(Source records)

================================

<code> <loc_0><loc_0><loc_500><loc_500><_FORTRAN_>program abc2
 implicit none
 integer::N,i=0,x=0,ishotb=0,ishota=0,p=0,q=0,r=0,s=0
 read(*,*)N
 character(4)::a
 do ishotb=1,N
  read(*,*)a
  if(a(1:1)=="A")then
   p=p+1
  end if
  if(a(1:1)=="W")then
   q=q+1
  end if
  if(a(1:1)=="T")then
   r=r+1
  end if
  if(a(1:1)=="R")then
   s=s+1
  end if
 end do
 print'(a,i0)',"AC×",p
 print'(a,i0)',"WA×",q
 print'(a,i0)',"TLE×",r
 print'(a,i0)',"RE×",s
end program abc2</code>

================================

→ **Prompt**
Copy down every line of the entries containing the word "program".

→ **Output for this exercise**
<code> <loc_0><loc_0><loc_500><loc_500><_FORTRAN_>program abc2
end program abc2</code>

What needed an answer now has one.